O Itamaraty afirmou, em nota enviada ao G1, que “está igualmente pronto a participar de esforços internacionais que contribuam para evitar uma escalada de conflitos neste momento”.

 

O comunicado também pontua que o “Governo brasileiro manifesta seu apoio à luta contra o flagelo do terrorismo”. A pasta ainda reiterou o episódio como “ações conduzidas pelos EUA nos últimos dias no Iraque”.

 

“O terrorismo não pode ser considerado um problema restrito ao Oriente Médio e aos países desenvolvidos, e o Brasil não pode permanecer indiferente a essa ameaça, que afeta inclusive a América do Sul”, diz outro trecho da nota.

 

A morte do general, que era líder da Guarda Revolucionária iraniana, gerou respostas das principais autoridades do país. O líder do premo, o aiatolá Ali Khamenei, líder do supremo do país, disse que o episódio teria uma “severa vingança”. O presidente Hassan Rouhani foi na mesma linha do número um na hierarquia iraniana.

 

Nas ruas da capital Teerã, milhares de manifestantes percorreram as ruas para protestar contra o atentado.
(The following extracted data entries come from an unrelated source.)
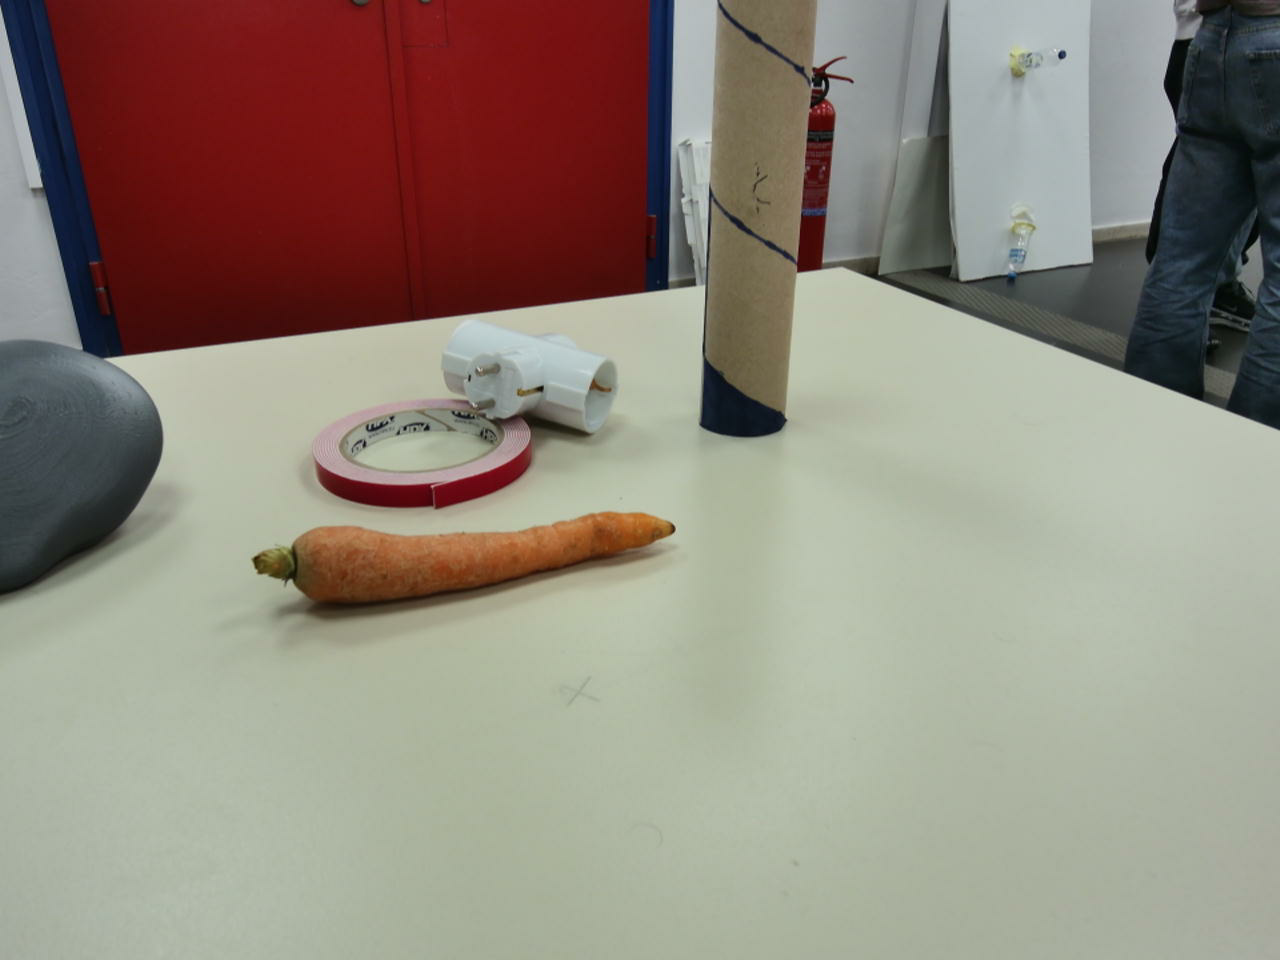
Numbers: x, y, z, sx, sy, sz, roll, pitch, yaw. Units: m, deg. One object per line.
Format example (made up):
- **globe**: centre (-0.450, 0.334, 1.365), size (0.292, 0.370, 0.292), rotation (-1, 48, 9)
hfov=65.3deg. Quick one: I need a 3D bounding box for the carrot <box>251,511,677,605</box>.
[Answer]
- **carrot**: centre (-0.064, 0.027, 0.405), size (0.173, 0.032, 0.030), rotation (-7, 25, -16)

Bandeiras norte-americanas foram queimadas e inúmeros cartazes com o rosto de Suleimani foram expostos, além de gritos de “morte à América” e “morte à Israel” (leia mais aqui).

 

Confira o comunicado completo:

 

"Acontecimentos no Iraque e luta contra o terrorismo

 

Ao tomar conhecimento das ações conduzidas pelos EUA nos últimos dias no Iraque, o Governo brasileiro manifesta seu apoio à luta contra o flagelo do terrorismo e reitera que essa luta requer a cooperação de toda a comunidade internacional sem que se busque qualquer justificativa ou relativização para o terrorismo.

 

O Brasil está igualmente pronto a participar de esforços internacionais que contribuam para evitar uma escalada de conflitos neste momento.

 

O terrorismo não pode ser considerado um problema restrito ao Oriente Médio e aos países desenvolvidos, e o Brasil não pode permanecer indiferente a essa ameaça, que afeta inclusive a América do Sul.

 

Diante dessa realidade, em 2019 o Brasil passou a participar em capacidade plena, e não mais apenas como observador, da Conferência Ministerial Hemisférica de Luta contra o Terrorismo, que terá nova sessão em 20 de janeiro em Bogotá.

 

O Brasil acompanha com atenção os desdobramentos da ação no Iraque, inclusive seu impacto sobre os preços do petróleo, e apela uma vez mais para a unidade de todas as nações contra o terrorismo em todas as suas formas.

 

O Brasil condena igualmente os ataques à Embaixada dos EUA em Bagdá, ocorridos nos últimos dias, e apela ao respeito da Convenção de Viena e à integridade dos agentes diplomáticos norte-americanos reconhecidos pelo governo do Iraque presentes naquele país."